Dominey must have demanded money again. The cash register was still open. Faraday watched the Chinese shake his head and push the drawer shut. Dominey bent to the dog and let it off the chain. The dog hurled itself at the Chinese, who did his best to fight it off. Faraday slowed the action. Had the dog jumped any higher the Chinese would have been in real trouble but as it was the damage was bad enough. Clamped to the man’s thigh, its legs flailing, the pit bull shook its massive head left and right, tearing at the flesh. Blood began to pump through tears in the cloth of the trousers while the kids looked on, laughing.
Then, from nowhere, a thin figure in a pair of blue track bottoms appeared. He was a Chinese from the kitchen. Naked above the waist, he was holding a meat cleaver. He pulled hard on the dog’s back legs before bringing the cleaver down across the back of the animal’s neck. It was a beautiful blow, perfectly judged, and the sharpness of the glittering blade neatly severed the pit bull’s head from its body. Nobody moved. Not even the owner. Then one of the other kids, Casey Milligan, pulled a knife and lunged at the half-naked Chinese across the counter.
By now, a couple of the diners were making for the door to the street but they were too late. Another Chinese had decided to surprise the kids. He must have raced round from the rear entrance. He pushed in through the front door, locked it, and plunged into the melee around the counter. Faraday saw his arm rising and falling. He had a long kitchen knife and knew exactly how to use it. A couple of the diners, unaware that the dog was no longer a threat, had climbed onto their tables.
Faraday paused the action.

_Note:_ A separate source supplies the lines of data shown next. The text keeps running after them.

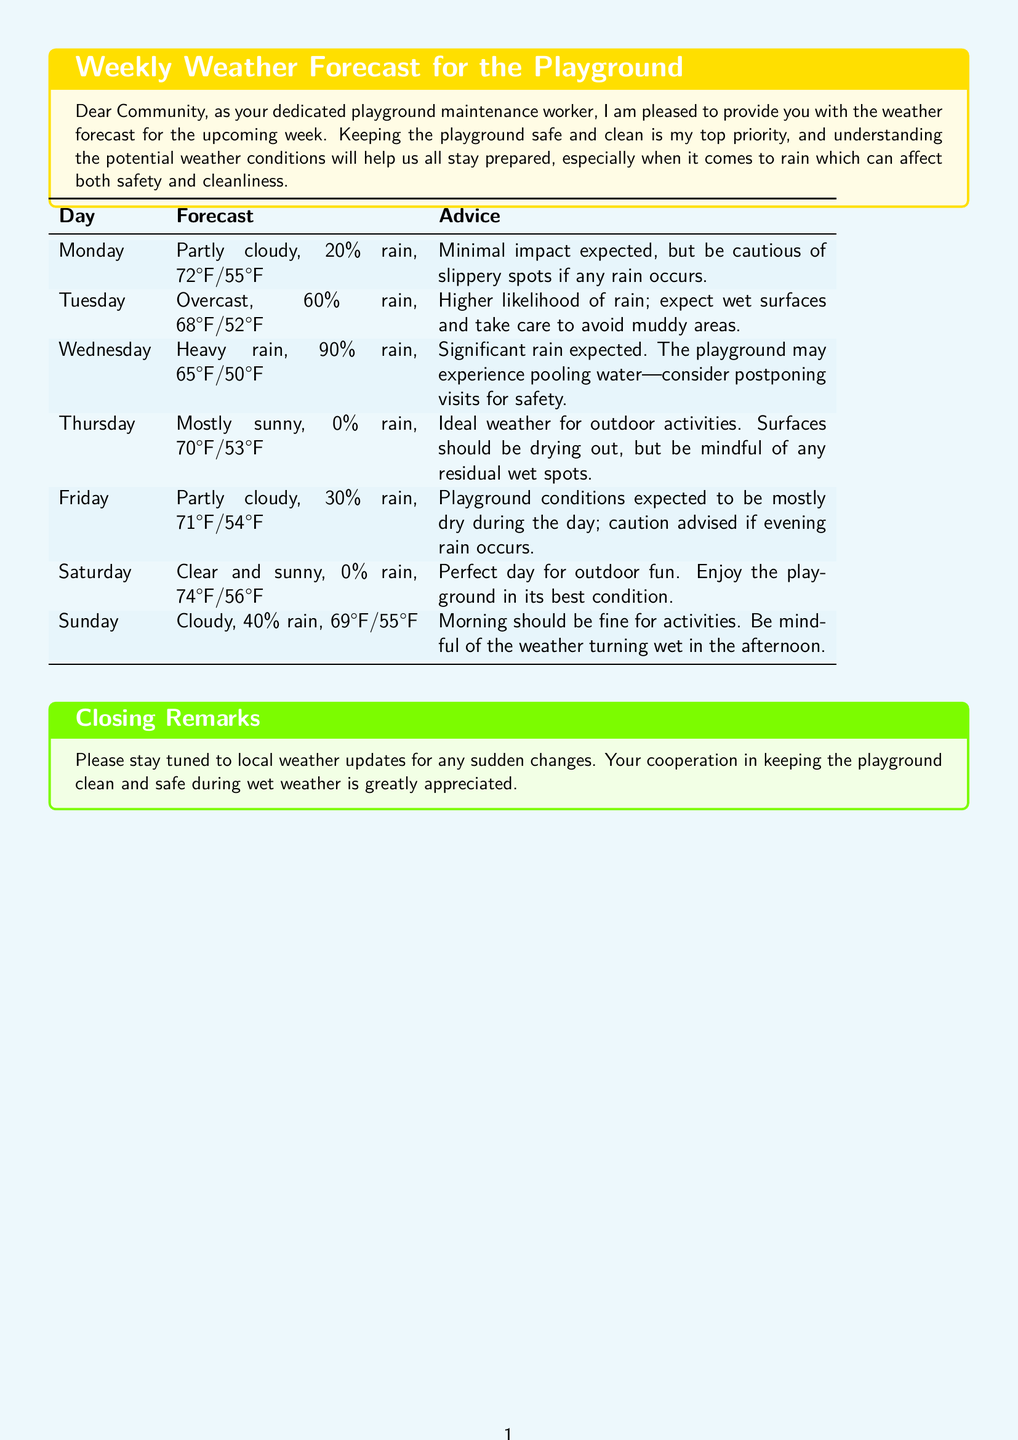What is the expected temperature on Wednesday? The expected temperature on Wednesday is 65°F/50°F as mentioned in the forecast table.
Answer: 65°F/50°F What is the rain probability on Tuesday? The rain probability for Tuesday is stated as 60% in the table.
Answer: 60% What should you avoid on Tuesday according to the advice? The advice for Tuesday suggests avoiding muddy areas due to the expected wet surfaces.
Answer: Muddy areas What is the condition of the playground on Thursday? Thursday is forecasted to be mostly sunny with a 0% chance of rain, indicating ideal conditions for the playground.
Answer: Ideal conditions Which day has the highest chance of rain? The day with the highest chance of rain is Wednesday, with a 90% forecast of rain.
Answer: Wednesday What is the weather like on Saturday? Saturday is predicted to be clear and sunny with a 0% chance of rain, perfect for outdoor activities.
Answer: Clear and sunny When should caution be taken due to potential rain? Caution should be taken on Friday if evening rain occurs, as indicated in the advice.
Answer: Friday evening What is the advice for Sunday regarding activities? The advice for Sunday indicates that the morning should be fine for activities, but to be mindful of possible rain in the afternoon.
Answer: Mindful of possible rain in the afternoon What color is the background of the weather forecast box? The background of the weather forecast box is a light shade of yellow, as noted in the document's description.
Answer: Light yellow 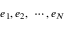<formula> <loc_0><loc_0><loc_500><loc_500>e _ { 1 } , e _ { 2 } , \cdots , e _ { N }</formula>

He’d lost track of the developing pattern of the fight. Yet another Chinese had emerged from the kitchen. He too was armed with a knife, holding the kids at bay while he helped
his limping boss to safety. His face, frozen on the screen, told its own story. Hatred, Faraday thought. Salted with an implacable desire for revenge.
His finger found the Play button and the carnage resumed. Dominey was lying behind the counter, blood pouring from a wound in his chest. McMurdo was on his knees, begging for mercy. Only Casey Milligan and the girl Roxanne were left standing. Milligan, braver than the rest, tried to go to McMurdo’s aid, slashing at thin air with what looked like a sheath knife, big showy widescreen moves. The bare-chested Chinese let him come, chose his moment, then drove the cleaver deep into his face. Milligan’s mouth dropped open. He doubtless screamed. Then he fell, clutching the gaping wound in his cheek, his hand scarlet with his own blood. The Chinese struck again, taking him in the throat this time before stepping back and eyeballing the girl.

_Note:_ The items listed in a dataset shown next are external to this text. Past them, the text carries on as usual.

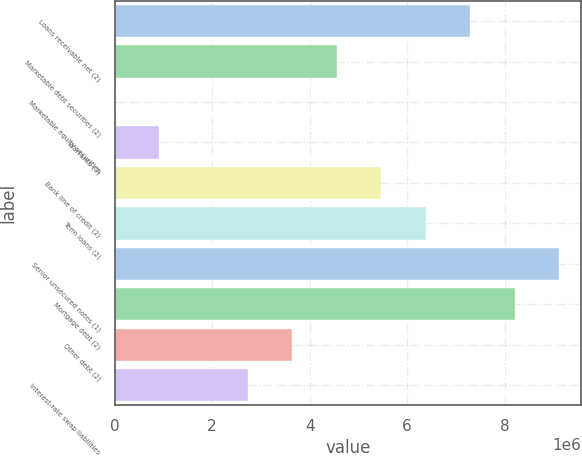Convert chart to OTSL. <chart><loc_0><loc_0><loc_500><loc_500><bar_chart><fcel>Loans receivable net (2)<fcel>Marketable debt securities (2)<fcel>Marketable equity securities<fcel>Warrants (3)<fcel>Bank line of credit (2)<fcel>Term loans (2)<fcel>Senior unsecured notes (1)<fcel>Mortgage debt (2)<fcel>Other debt (2)<fcel>Interest-rate swap liabilities<nl><fcel>7.29609e+06<fcel>4.56007e+06<fcel>39<fcel>912046<fcel>5.47208e+06<fcel>6.38409e+06<fcel>9.12011e+06<fcel>8.2081e+06<fcel>3.64807e+06<fcel>2.73606e+06<nl></chart> 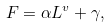Convert formula to latex. <formula><loc_0><loc_0><loc_500><loc_500>F = \alpha L ^ { v } + \gamma ,</formula> 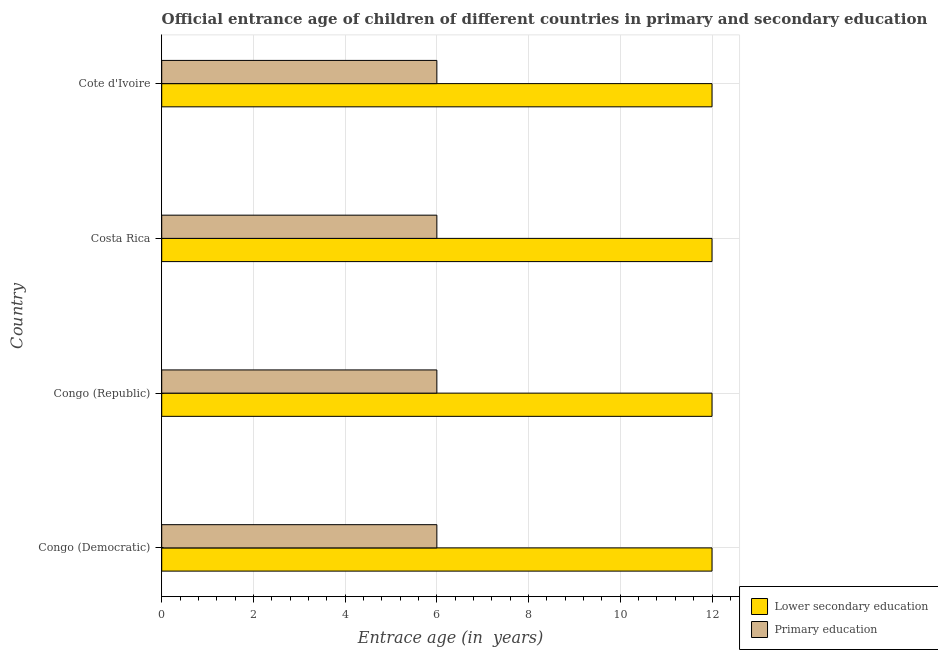How many groups of bars are there?
Offer a terse response. 4. Are the number of bars per tick equal to the number of legend labels?
Offer a terse response. Yes. Are the number of bars on each tick of the Y-axis equal?
Offer a very short reply. Yes. How many bars are there on the 4th tick from the bottom?
Make the answer very short. 2. In how many cases, is the number of bars for a given country not equal to the number of legend labels?
Your response must be concise. 0. What is the entrance age of chiildren in primary education in Congo (Democratic)?
Make the answer very short. 6. Across all countries, what is the maximum entrance age of chiildren in primary education?
Make the answer very short. 6. In which country was the entrance age of chiildren in primary education maximum?
Your answer should be very brief. Congo (Democratic). In which country was the entrance age of chiildren in primary education minimum?
Your answer should be compact. Congo (Democratic). What is the total entrance age of children in lower secondary education in the graph?
Keep it short and to the point. 48. What is the difference between the entrance age of chiildren in primary education in Costa Rica and that in Cote d'Ivoire?
Your answer should be very brief. 0. What is the difference between the entrance age of chiildren in primary education in Costa Rica and the entrance age of children in lower secondary education in Congo (Democratic)?
Offer a very short reply. -6. In how many countries, is the entrance age of chiildren in primary education greater than 12 years?
Your answer should be very brief. 0. What is the difference between the highest and the lowest entrance age of children in lower secondary education?
Offer a very short reply. 0. In how many countries, is the entrance age of chiildren in primary education greater than the average entrance age of chiildren in primary education taken over all countries?
Offer a terse response. 0. What does the 1st bar from the top in Cote d'Ivoire represents?
Your answer should be compact. Primary education. What does the 1st bar from the bottom in Costa Rica represents?
Your answer should be compact. Lower secondary education. How many bars are there?
Your answer should be very brief. 8. Are the values on the major ticks of X-axis written in scientific E-notation?
Offer a very short reply. No. Where does the legend appear in the graph?
Give a very brief answer. Bottom right. How many legend labels are there?
Give a very brief answer. 2. How are the legend labels stacked?
Your response must be concise. Vertical. What is the title of the graph?
Your answer should be very brief. Official entrance age of children of different countries in primary and secondary education. Does "Stunting" appear as one of the legend labels in the graph?
Offer a very short reply. No. What is the label or title of the X-axis?
Ensure brevity in your answer.  Entrace age (in  years). What is the label or title of the Y-axis?
Your answer should be very brief. Country. What is the Entrace age (in  years) of Primary education in Congo (Republic)?
Offer a very short reply. 6. What is the Entrace age (in  years) of Lower secondary education in Costa Rica?
Offer a terse response. 12. What is the Entrace age (in  years) in Lower secondary education in Cote d'Ivoire?
Offer a terse response. 12. What is the Entrace age (in  years) of Primary education in Cote d'Ivoire?
Keep it short and to the point. 6. Across all countries, what is the maximum Entrace age (in  years) of Lower secondary education?
Make the answer very short. 12. Across all countries, what is the maximum Entrace age (in  years) in Primary education?
Offer a very short reply. 6. Across all countries, what is the minimum Entrace age (in  years) in Lower secondary education?
Provide a succinct answer. 12. Across all countries, what is the minimum Entrace age (in  years) of Primary education?
Provide a succinct answer. 6. What is the total Entrace age (in  years) of Primary education in the graph?
Ensure brevity in your answer.  24. What is the difference between the Entrace age (in  years) in Lower secondary education in Congo (Democratic) and that in Congo (Republic)?
Ensure brevity in your answer.  0. What is the difference between the Entrace age (in  years) in Lower secondary education in Congo (Democratic) and that in Costa Rica?
Offer a very short reply. 0. What is the difference between the Entrace age (in  years) in Primary education in Congo (Democratic) and that in Cote d'Ivoire?
Your response must be concise. 0. What is the difference between the Entrace age (in  years) of Lower secondary education in Congo (Republic) and that in Costa Rica?
Provide a short and direct response. 0. What is the difference between the Entrace age (in  years) of Primary education in Congo (Republic) and that in Costa Rica?
Ensure brevity in your answer.  0. What is the difference between the Entrace age (in  years) of Lower secondary education in Congo (Republic) and that in Cote d'Ivoire?
Provide a short and direct response. 0. What is the difference between the Entrace age (in  years) in Primary education in Costa Rica and that in Cote d'Ivoire?
Offer a very short reply. 0. What is the difference between the Entrace age (in  years) in Lower secondary education in Congo (Democratic) and the Entrace age (in  years) in Primary education in Costa Rica?
Provide a short and direct response. 6. What is the difference between the Entrace age (in  years) in Lower secondary education in Congo (Republic) and the Entrace age (in  years) in Primary education in Costa Rica?
Offer a very short reply. 6. What is the average Entrace age (in  years) of Lower secondary education per country?
Your answer should be compact. 12. What is the average Entrace age (in  years) of Primary education per country?
Ensure brevity in your answer.  6. What is the difference between the Entrace age (in  years) in Lower secondary education and Entrace age (in  years) in Primary education in Congo (Republic)?
Provide a succinct answer. 6. What is the ratio of the Entrace age (in  years) in Lower secondary education in Congo (Democratic) to that in Congo (Republic)?
Provide a short and direct response. 1. What is the ratio of the Entrace age (in  years) in Lower secondary education in Congo (Democratic) to that in Costa Rica?
Provide a succinct answer. 1. What is the ratio of the Entrace age (in  years) in Primary education in Congo (Democratic) to that in Costa Rica?
Ensure brevity in your answer.  1. What is the ratio of the Entrace age (in  years) in Lower secondary education in Congo (Democratic) to that in Cote d'Ivoire?
Provide a short and direct response. 1. What is the ratio of the Entrace age (in  years) of Primary education in Congo (Democratic) to that in Cote d'Ivoire?
Make the answer very short. 1. What is the ratio of the Entrace age (in  years) of Lower secondary education in Congo (Republic) to that in Cote d'Ivoire?
Ensure brevity in your answer.  1. What is the ratio of the Entrace age (in  years) of Primary education in Congo (Republic) to that in Cote d'Ivoire?
Keep it short and to the point. 1. What is the ratio of the Entrace age (in  years) in Primary education in Costa Rica to that in Cote d'Ivoire?
Provide a succinct answer. 1. What is the difference between the highest and the second highest Entrace age (in  years) in Primary education?
Give a very brief answer. 0. What is the difference between the highest and the lowest Entrace age (in  years) of Primary education?
Provide a succinct answer. 0. 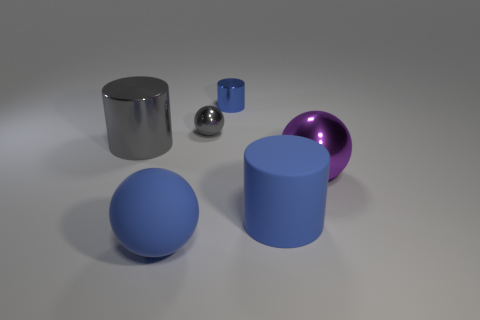Is the number of large rubber things greater than the number of blue things?
Ensure brevity in your answer.  No. How many blocks are large purple metallic objects or big gray things?
Make the answer very short. 0. What color is the big rubber cylinder?
Give a very brief answer. Blue. Does the blue sphere on the left side of the tiny metallic cylinder have the same size as the metallic thing that is right of the large blue rubber cylinder?
Provide a short and direct response. Yes. Are there fewer small metallic things than big blue cylinders?
Ensure brevity in your answer.  No. What number of blue objects are in front of the big blue matte cylinder?
Your response must be concise. 1. What is the material of the big purple object?
Your answer should be very brief. Metal. Is the small cylinder the same color as the rubber cylinder?
Your answer should be very brief. Yes. Is the number of balls that are to the right of the large metallic ball less than the number of tiny purple matte things?
Offer a terse response. No. There is a big rubber object that is behind the big matte ball; what color is it?
Give a very brief answer. Blue.

The fight was over. Faraday, in a moment that would stay with him forever, stopped the action a second time, knowing he was glad. Not that the violence was over. But because people, at last, were taking a stand. A week ago Jeanette Morrissey had killed Kyle Munday. Now this.
Chapter fourteen
SATURDAY, 24 MAY 2008. 19.34
It was early evening before Winter got through to Mackenzie. His mobile had been on divert for hours. Now Bazza picked up on his landline.
‘Been out with Marie, mush. Spot of shopping.’
‘Somewhere nice, I hope.’
‘Salisbury. She loves it there. Can’t get enough of the place. You know what? Give her half a chance and we’d start looking for a house.’
He sounded relaxed and cheerful, the spat in the gym forgotten. They’d probably toured the shops together, had a cosy lunch, buried their differences with a decent bottle of wine. Winter was about to change all that.